La lutte contre la jaunisse repose sur 3 piliers complémentaires : la gestion prophylactique, une surveillance rigoureuse des parcelles et des moyens de lutte en végétation. La prophylaxie, c’est « prévenir plutôt que guérir », c'est-à-dire réduire les réservoirs de pucerons et de virus présents dans l’environnement avant l’implantation des betteraves. Alors, comment casser efficacement les cycles biologiques des pucerons et des virus ?

Après l’enlèvement des betteraves :

Recommandation : Epandre les cordons de déterrage dans une parcelle qui n’est pas destinée à recevoir des betteraves au printemps suivant puis les enfouir. Pour des enlèvements tardifs, il est également possible de rassembler les andains de déterrage et de bâcher le tas de terre.

Pourquoi ?

Si la parcelle de betterave était contaminée par la jaunisse, les repousses sur les tas de terre deviennent des réservoirs viraux capables d’attirer les pucerons au printemps. Une fois infectés, les pucerons vont migrer sur une parcelle de betterave.

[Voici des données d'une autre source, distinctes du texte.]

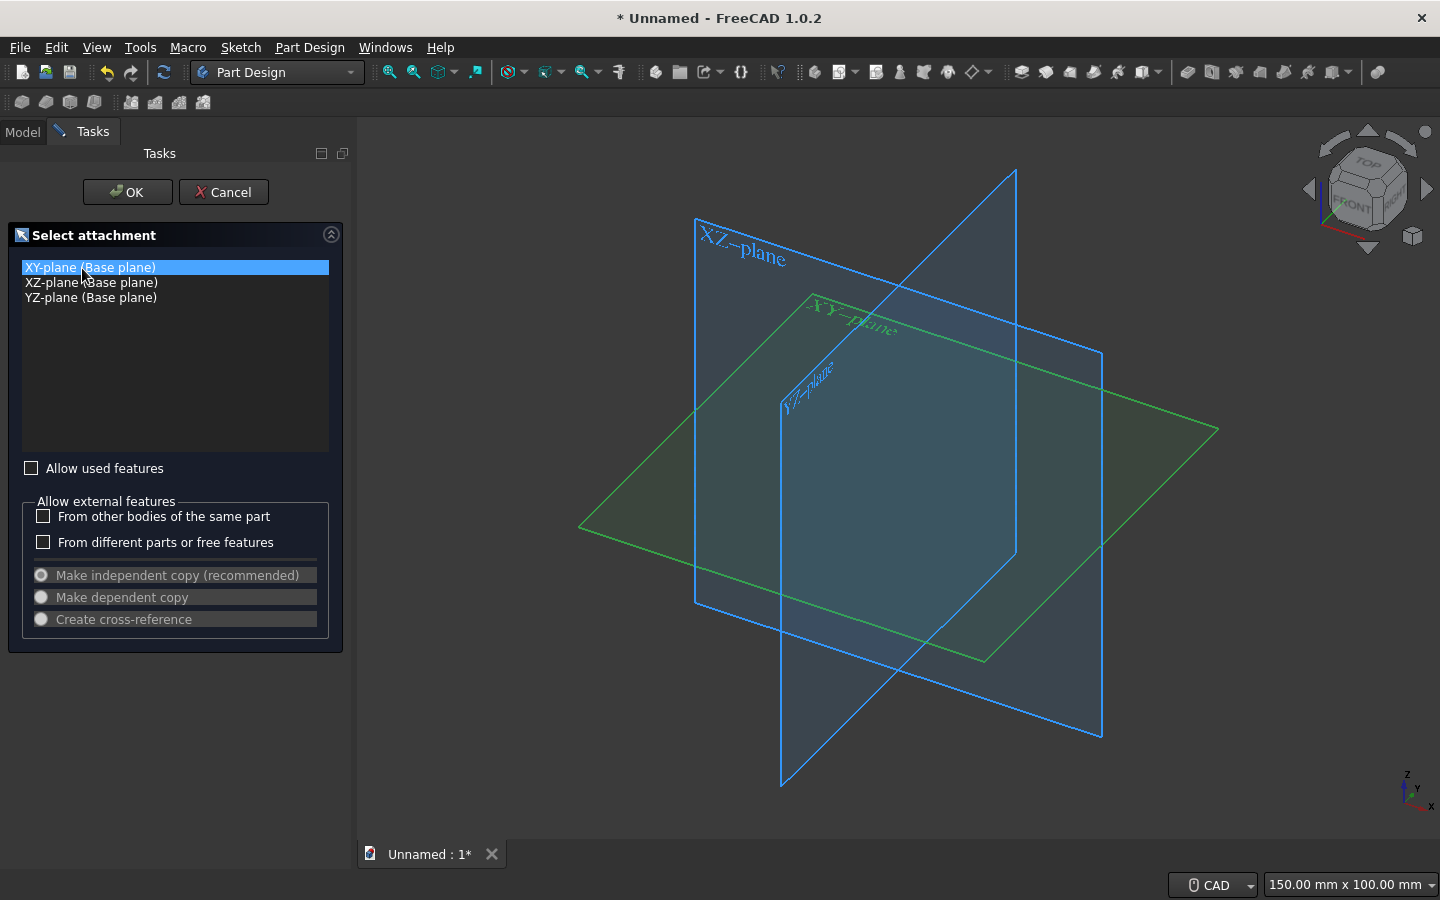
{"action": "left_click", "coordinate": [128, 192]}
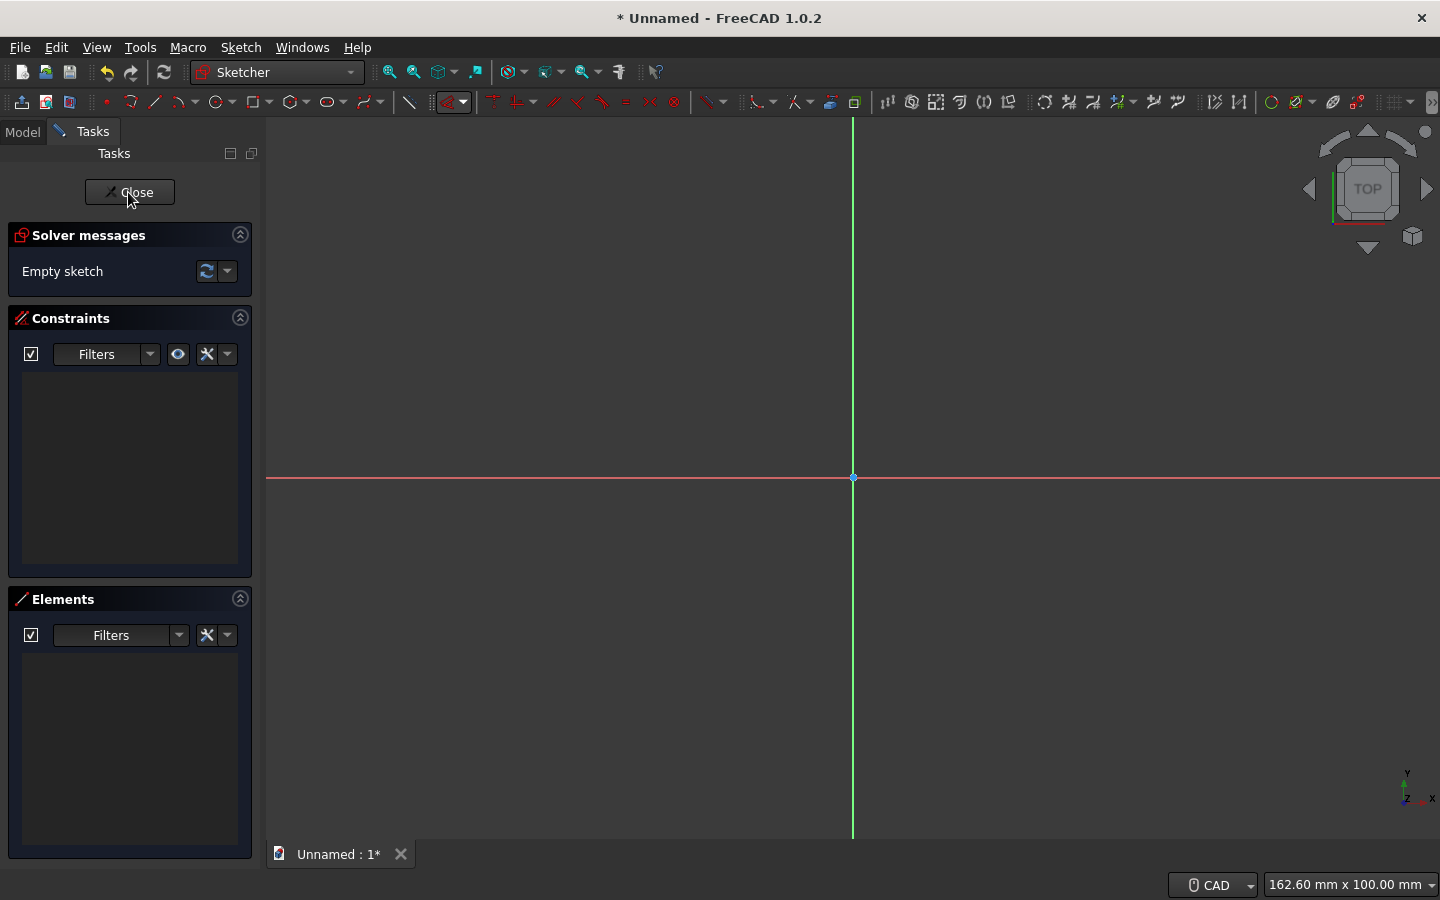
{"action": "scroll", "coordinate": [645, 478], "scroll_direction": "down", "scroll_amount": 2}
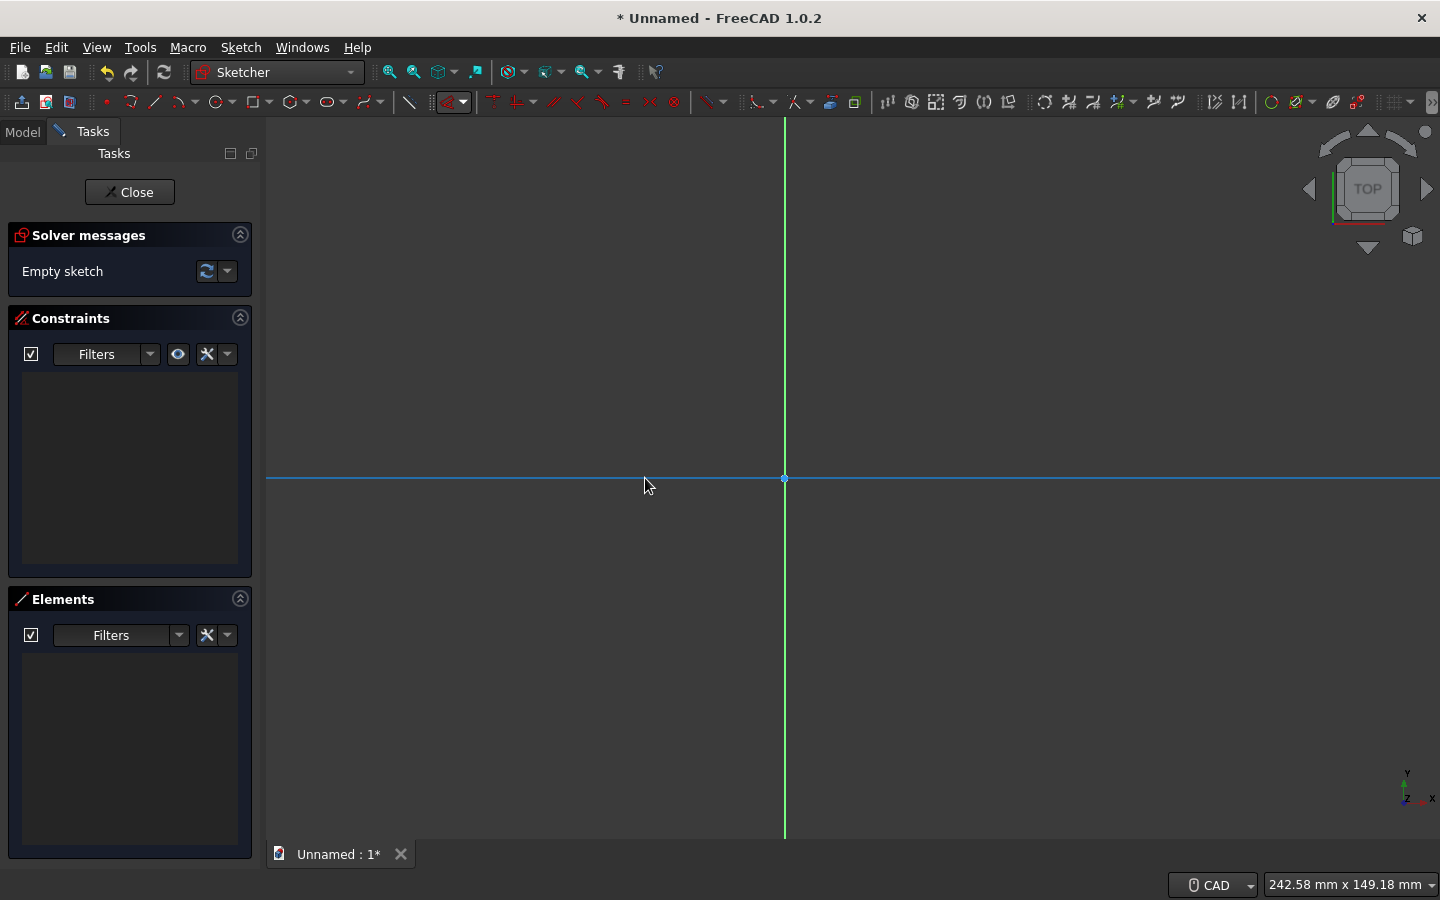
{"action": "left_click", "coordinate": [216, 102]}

A noter : la destruction des repousses de betteraves après récolte permet de gérer d’autres bioagresseurs : réduction de l’inoculum de cercosporiose, réduction des populations de teignes qui peuvent passer l’hiver sous forme de chrysalides sur des betteraves.

En fin d’hiver :

Recommandation : Détruire les couverts d’interculture contenant des crucifères, de la phacélie ou de la féverole avant fin février. 

Pourquoi ?

Ces couverts sont des réservoirs de pucerons et/ou de virus de la jaunisse :

  • Crucifères (moutarde, radis) : hôte du puceron vert Myzus persicae
  • Phacélie : hôte de Myzus persicae et réservoir viral (BYV et BtMV) à ne pas négliger.
  • Féverole : hôte principal d’Aphis fabae et réservoir viral (BtMV)

Avant les semis de betteraves :

Recommandations :

  • Surveiller les cordons de déterrage qui n’ont pas été épandus à l’automne. En présence de repousses, il est indispensable de les éliminer : retournement mécanique, bâchage, destruction chimique avec du glyphosate dans le respect de la réglementation.
  • Les silos de betteraves fourragères doivent être surveillés avec la même attention.
  • Surveiller les repousses dans la culture qui suit la betterave. Les situations de TCS sont particulièrement à risque. En présence de repousses, utiliser un herbicide anti-dicotylédone adapté.
  • Soigner la préparation de sol avant le semis des betteraves : les parcelles qui présentent une implantation lente des betteraves et de plantules peu vigoureuses attirent les pucerons.

Focus sur la zone de production de betteraves porte-graines :

En Beauce, la proximité entre cultures de betteraves entraîne une continuité des cycles de contamination.

Recommandation :

Éviter l’implantation de betteraves sucrières à proximité immédiate de parcelles de betteraves porte-graines. Les études menées dans le cadre du PNRI montrent qu’au-delà d’un kilomètre, des symptômes sont présents mais souvent moins sévères.

Pourquoi ?

Les betteraves (sucrières, fourragères, potagères, porte-graines, sauvages) sont réservoirs des 4 virus de la jaunisse (BYV, BMYV, BChV, BtMV). La séparation des cultures limite les flux de pucerons et la circulation virale.

Pour être efficaces, les mesures de gestion prophylactique doivent être appliquées partout et par tous.